Problem with backend; poller can't keep up; gaps in the graphs

mhmh · 26 September 2024 20:04

12vCPU; 64GB RAM; NVMe SSD all flash SAN with dual 10GBe; Network with dual GBe; Debian 12; single LibreNMS instance running on ProxMox HA cluster; 569 hosts

This system manages Cisco, Juniper and PaloAlto:

We were using the cron based poller which couldn’t complete an entire polling cycle. We moved to the librenms service and made some tweaks. We had to increase the poller workers and increase max_connections for MariaDB.:

Problem solved:

Yes, you did read that correctly; 224 poller workers

laf · 26 September 2024 22:07

That’s a lot of workers. I don’t think you’ll need that many!

What are the typical poll times for the devices you are polling?

mhmh · 26 September 2024 23:07

I agree, it is quite a number. I started out with 16, then 24 and continued to increase the count until it was finally able to poll all devices in under 300 seconds. I also had to increase max_connections in MariaDB as I found out I had to increase both.

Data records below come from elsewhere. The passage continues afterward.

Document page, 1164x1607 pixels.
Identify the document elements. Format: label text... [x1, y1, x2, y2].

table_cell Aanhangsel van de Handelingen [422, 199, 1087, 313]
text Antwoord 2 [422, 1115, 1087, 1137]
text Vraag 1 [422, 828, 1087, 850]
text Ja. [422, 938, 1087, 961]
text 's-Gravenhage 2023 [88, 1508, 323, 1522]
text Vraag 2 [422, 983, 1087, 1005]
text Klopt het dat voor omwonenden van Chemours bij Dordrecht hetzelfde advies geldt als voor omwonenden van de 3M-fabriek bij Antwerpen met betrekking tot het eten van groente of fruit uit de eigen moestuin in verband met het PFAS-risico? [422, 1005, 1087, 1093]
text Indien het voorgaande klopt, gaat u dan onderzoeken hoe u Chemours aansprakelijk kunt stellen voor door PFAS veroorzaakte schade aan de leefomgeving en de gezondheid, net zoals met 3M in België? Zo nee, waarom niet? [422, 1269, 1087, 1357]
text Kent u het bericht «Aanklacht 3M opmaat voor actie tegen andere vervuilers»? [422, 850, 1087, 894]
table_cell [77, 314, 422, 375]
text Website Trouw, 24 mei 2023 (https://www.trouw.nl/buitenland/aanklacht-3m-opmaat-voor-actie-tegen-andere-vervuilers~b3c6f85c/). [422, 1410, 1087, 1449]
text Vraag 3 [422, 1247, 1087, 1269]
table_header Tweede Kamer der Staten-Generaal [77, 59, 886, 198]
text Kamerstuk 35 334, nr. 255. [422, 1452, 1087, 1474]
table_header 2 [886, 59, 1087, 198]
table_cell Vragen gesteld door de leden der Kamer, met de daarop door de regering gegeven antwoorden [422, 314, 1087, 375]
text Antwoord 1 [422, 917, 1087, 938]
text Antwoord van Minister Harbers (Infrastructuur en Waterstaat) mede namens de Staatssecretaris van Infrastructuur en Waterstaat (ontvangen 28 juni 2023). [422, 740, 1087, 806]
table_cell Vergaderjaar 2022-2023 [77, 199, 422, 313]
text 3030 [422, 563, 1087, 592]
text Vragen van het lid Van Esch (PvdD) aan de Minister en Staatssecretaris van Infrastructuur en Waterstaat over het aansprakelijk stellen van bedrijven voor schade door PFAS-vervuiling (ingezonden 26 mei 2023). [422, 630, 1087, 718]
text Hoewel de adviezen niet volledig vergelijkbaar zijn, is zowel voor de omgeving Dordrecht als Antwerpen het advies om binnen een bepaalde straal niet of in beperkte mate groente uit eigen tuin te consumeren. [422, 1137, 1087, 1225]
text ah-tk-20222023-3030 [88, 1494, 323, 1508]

I had seen many devices in the 100-200+ second range (there were many well below that range). The system has been running well for almost 72 hours now.

I also increased max_repeaters (150) and max_oids (75) as well.

This was after running the mysql tuner and making adjustments there too. I still need to optimize php.

murrant · 29 September 2024 19:06

Increasing the number often causes more troubles than decreasing the number.

I have about 800 devices in my instance and have 32 workers. I also have low latency to most devices however.

Good luck!

system · 28 December 2024 19:07

This topic was automatically closed 90 days after the last reply. New replies are no longer allowed.